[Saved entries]
──────
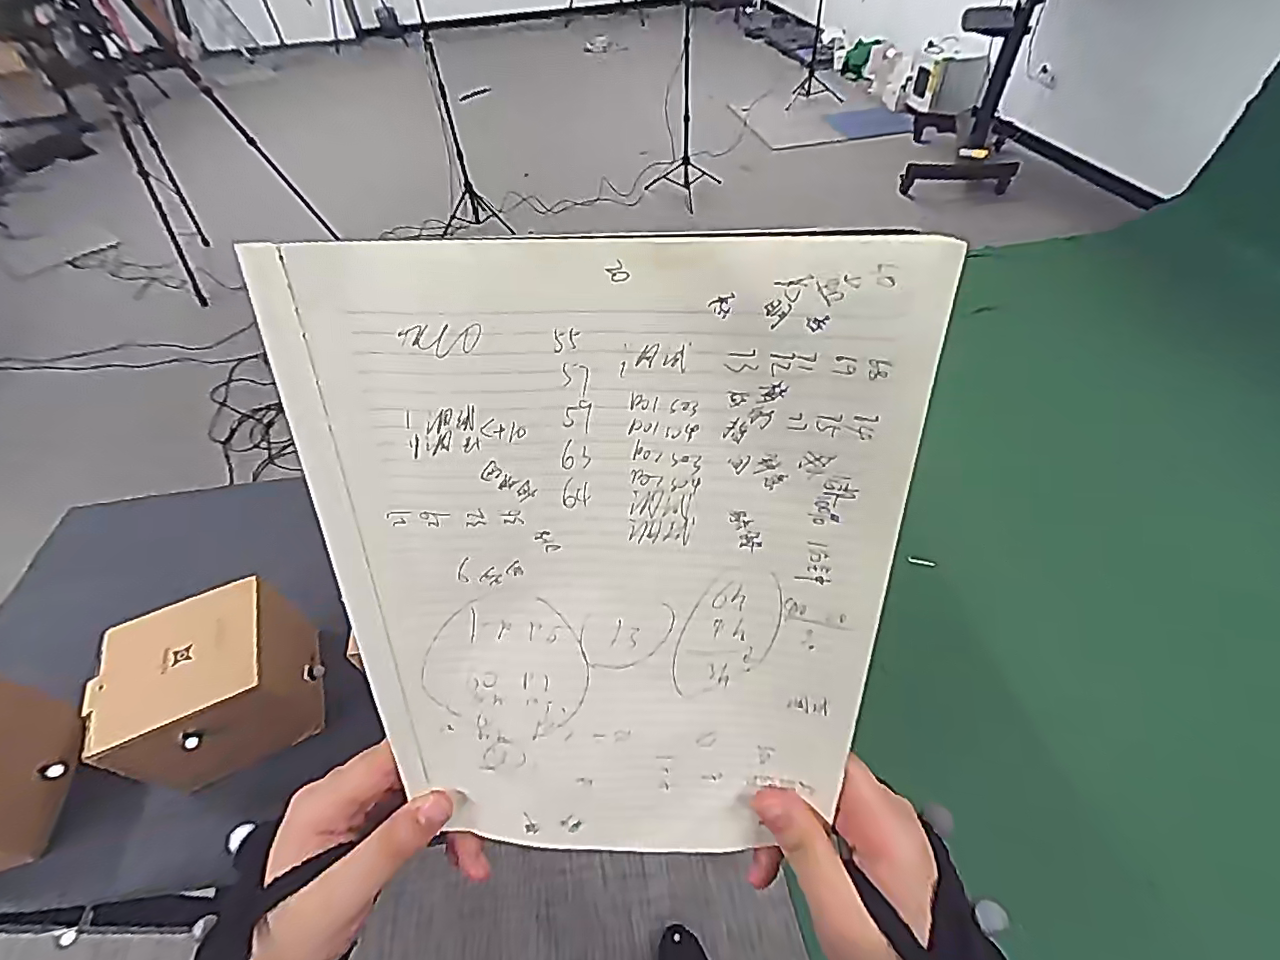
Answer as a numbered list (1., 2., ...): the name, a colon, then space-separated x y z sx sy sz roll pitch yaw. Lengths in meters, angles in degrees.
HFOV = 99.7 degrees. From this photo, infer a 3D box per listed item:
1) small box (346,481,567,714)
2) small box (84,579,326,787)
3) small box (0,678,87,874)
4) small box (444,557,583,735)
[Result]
──────
* **EXERCISE**:
What you return must match the records above exactly, minus any images.

* **RESPONSE TO THE TASK**:
Answer as a numbered list (1., 2., ...): the name, a colon, then space-separated x y z sx sy sz roll pitch yaw. Lengths in meters, angles in degrees.
HFOV = 99.7 degrees. From this photo, infer a 3D box per listed item:
1) small box (346,481,567,714)
2) small box (84,579,326,787)
3) small box (0,678,87,874)
4) small box (444,557,583,735)
[Result]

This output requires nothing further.